La insoportable vaguedad del ser
El debate parlamentario ocurre al mismo tiempo en que se desarrolla la convención anual Prospectors & Developers Association of Canada (PDAC), en la ciudad de Toronto. Allí, funcionarios de La Libertad Avanza y funcionarios sueñan con los cambios normativos.
"El gobierno entendió la necesidad de aclarar el texto para que puedan coexistir la protección del medio ambiente y la industria. A todo el sector le da muchísima más claridad sobre qué es lo que se puede hacer y cómo hay que hacer las cosas. Hay que cuidar y proteger los recursos naturales. Y los recursos naturales son tanto el medio ambiente como los minerales que podemos producir para potenciar la mejora en la calidad de vida de todos los argentinos", sostuvo el CEO de Glencore (La Alumbrera, MARA, Pachón), Martín Pérez de Solay, durante un reportaje realizado por Fernando Krakowiak para EconoJournal.
La vaguedad de la respuesta del CEO de Glencore ante la consulta por los cambios en la ley de glaciares es directamente proporcional a la misma vaguedad del texto enviado por el Poder Ejecutivo. Bajo la excusa de que la industria minera necesitaba "aclaraciones" sobre los alcances de la protección de los glaciares y áreas periglaciales, lo que hizo el Poder Ejecutivo fue otorgarles mayor discrecionalidad a las provincias - y, por ende, a las empresas mineras- para que decidan ellas qué proteger y qué no.
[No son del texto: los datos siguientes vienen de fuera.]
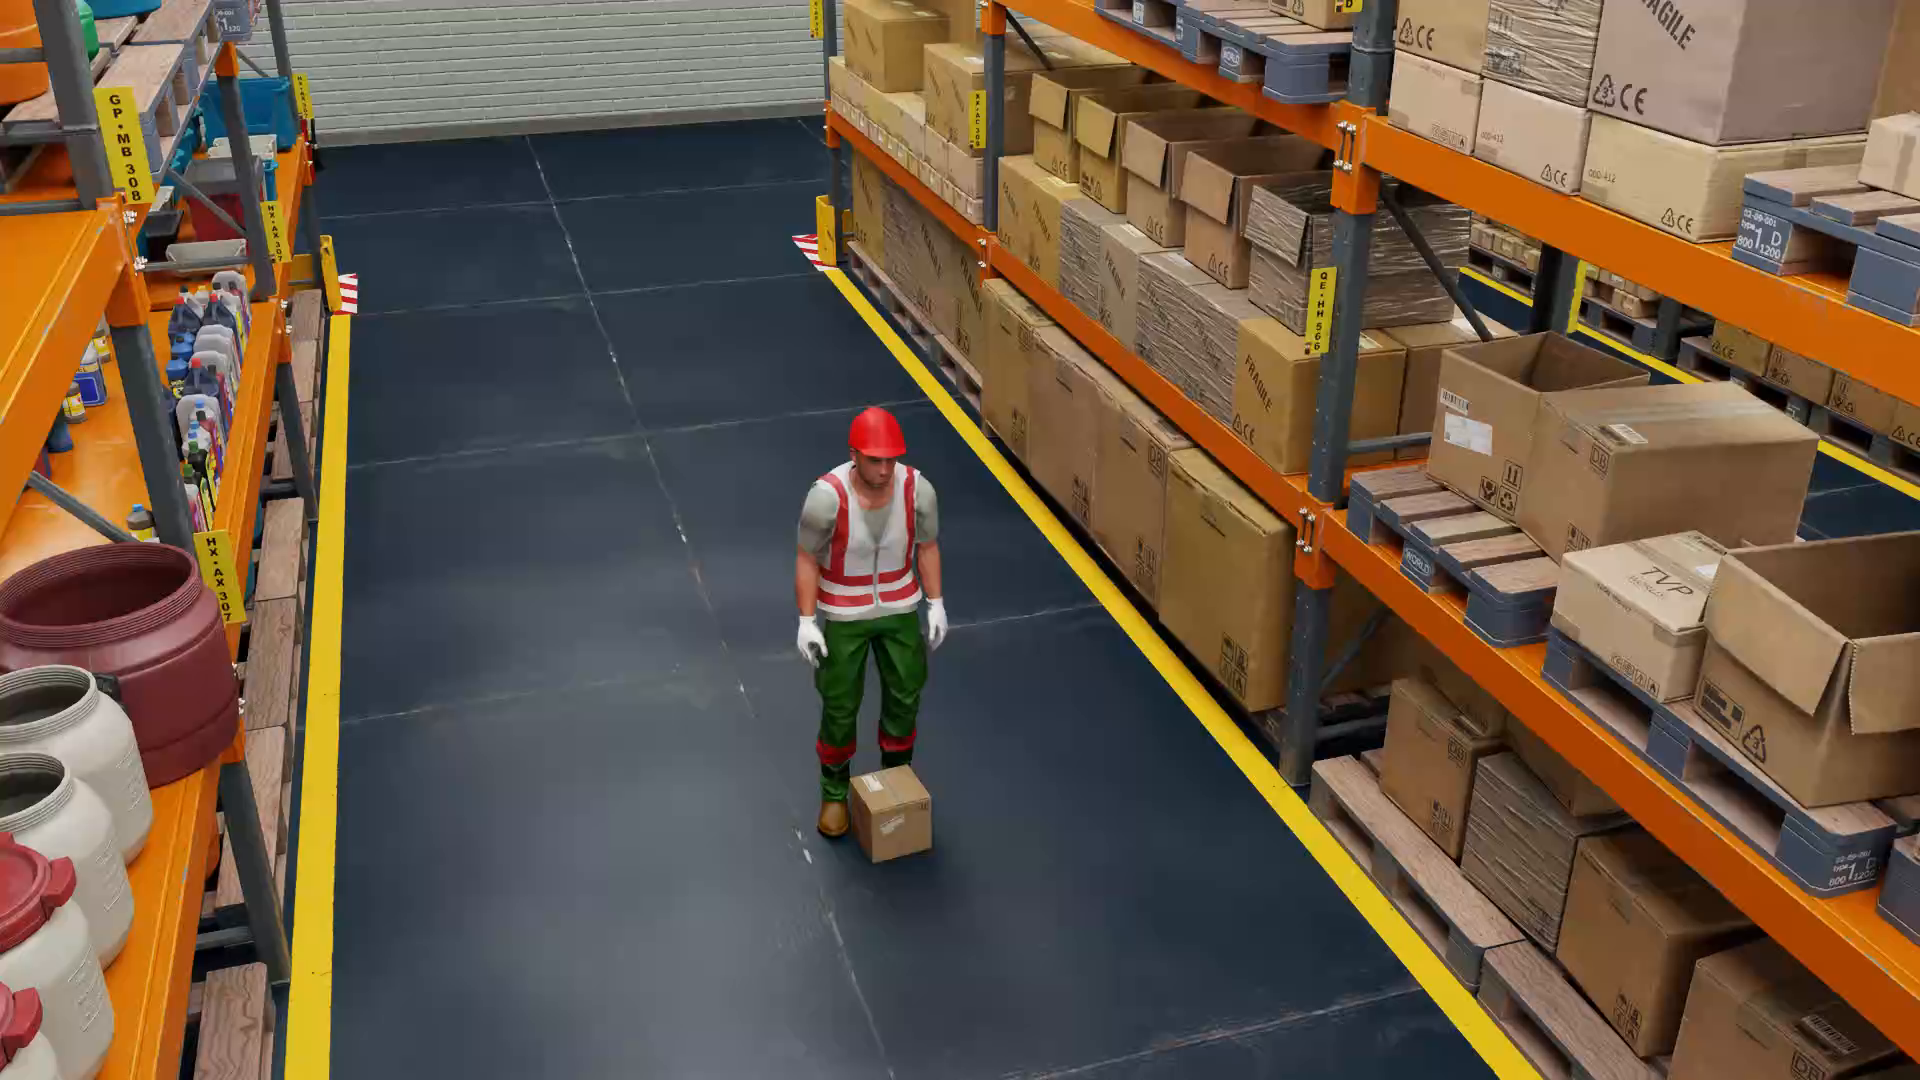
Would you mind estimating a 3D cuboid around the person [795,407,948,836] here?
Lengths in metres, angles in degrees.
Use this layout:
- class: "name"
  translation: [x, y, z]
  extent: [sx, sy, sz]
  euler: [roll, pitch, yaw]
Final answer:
- class: "person"
  translation: [-0.343, 0.306, 6.474]
  extent: [0.608, 1.777, 0.448]
  euler: [-8, 27, -16]

El artilugio elegido por la Libertad Avanza fue incluir dentro de la norma el vacuo concepto de "relevancia hídrica". "El concepto de la relevancia hídrica se incorpora como una forma de definir qué se protege y qué no, pero sin especificar cómo lo harían. No es una buena estrategia. La relevancia hídrica es relativa al ambiente, no es absoluto, no se mide en litros de agua. Ahora, con argumentos políticos se puede pasar por encima los aspectos técnicos sobre la definición de un cuerpo de hielo. Las provincias van a poder solicitar que se eliminen del inventario los cuerpos de hielo que no consideren relevantes", cuestionó Pablo Villagra, director del Instituto Argentino de Nivología, Glaciología y Ciencias Ambientales (IANIGLA)/CONICET), durante un reportaje publicado por El Destape.
La Barrick busca su revancha
La ley de Glaciares no es una ley antiminera; actualmente se desarrollan proyectos sin afectación alguna a los glaciares y su área periglacial. La norma representa la protección del 1% del territorio de los Andes. Pero los cambios impulsados por el sector privado poseen un correlato histórico.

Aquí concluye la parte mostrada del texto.